Save this file as speed.stan, which reimplements what csr_matrix_times_vector
does but without as much checking:
functions {
vector slow(int m, int n, vector w, int[] v, int[] u, vector b) {
return csr_matrix_times_vector(m, n, w, v, u, b);
}
vector fast(int m, int n, vector w, int[] v, int[] u, vector b) {
vector[m] out;
int pos = 1;
for (k in 1:m) {
int nnz = u[k + 1] - u[k];
if (nnz > 0) {
vector[nnz] left;
vector[nnz] right;
for (j in 1:nnz) {
right[j] = b[v[pos]];
left[j] = w[pos];
pos = pos + 1;
}
out[k] = dot_product(left, right);
}
else out[k] = 0;
}
return out;
}
}
In R, do
rstan::expose_stan_functions("speed.stan")
K <- 1000L
X <- matrix(rbinom(K^2, size = 1, prob = 0.25), nrow = K, ncol = K)
b <- rnorm(K)
parts <- rstan::extract_sparse_parts(X)
all.equal(with(parts, slow(m = nrow(X), n = ncol(X), w, v, u, b)),
with(parts, fast(m = K, n = K, w, v, u, b))) # TRUE
Now do, in R
slow_time <- system.time(replicate(1000, dim(with(parts, slow(m = K, n = K, w, v, u, b)))))
fast_time <- system.time(replicate(1000, dim(with(parts, fast(m = K, n = K, w, v, u, b)))))
The “slow” version with csr_matrix_times_vector
is over three times slower than the “fast” version that avoids some of the checking. The “fast” version is still checking that all the indices are in bounds.

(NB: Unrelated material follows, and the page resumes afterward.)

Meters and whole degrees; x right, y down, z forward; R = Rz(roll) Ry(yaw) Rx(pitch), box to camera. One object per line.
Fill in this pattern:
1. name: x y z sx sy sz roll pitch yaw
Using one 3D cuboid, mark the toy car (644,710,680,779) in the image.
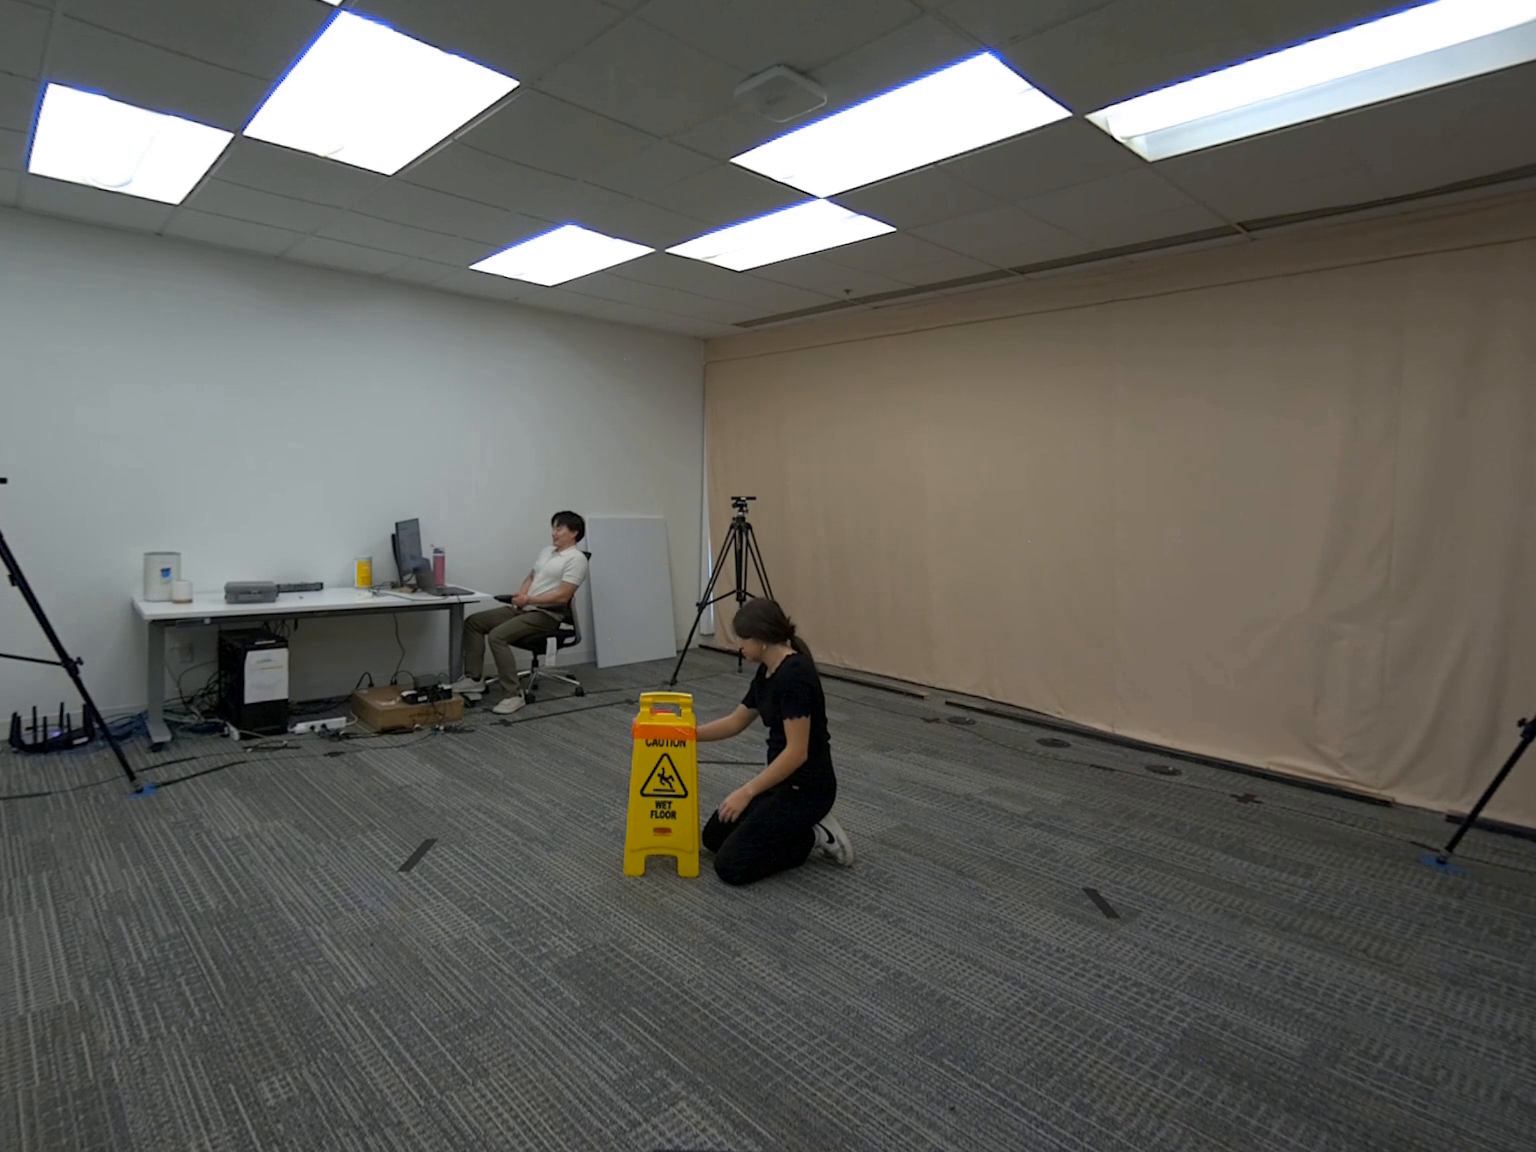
1. toy car: -0.410 0.649 3.264 0.130 0.251 0.085 2 23 -4

It isn’t so much that checking is not a worthwhile idea (although it might be for expensive checks), it is that checking doubles and ints every leapfrog step is not worthwhile after the first evaluation. Also, there is currently no way to turn all the checks off for packages like rstanarm that come with compiled models and their own units tests. And even if we refactored things so that was possible, it would be difficult to turn expensive checks off and leave cheap checks on.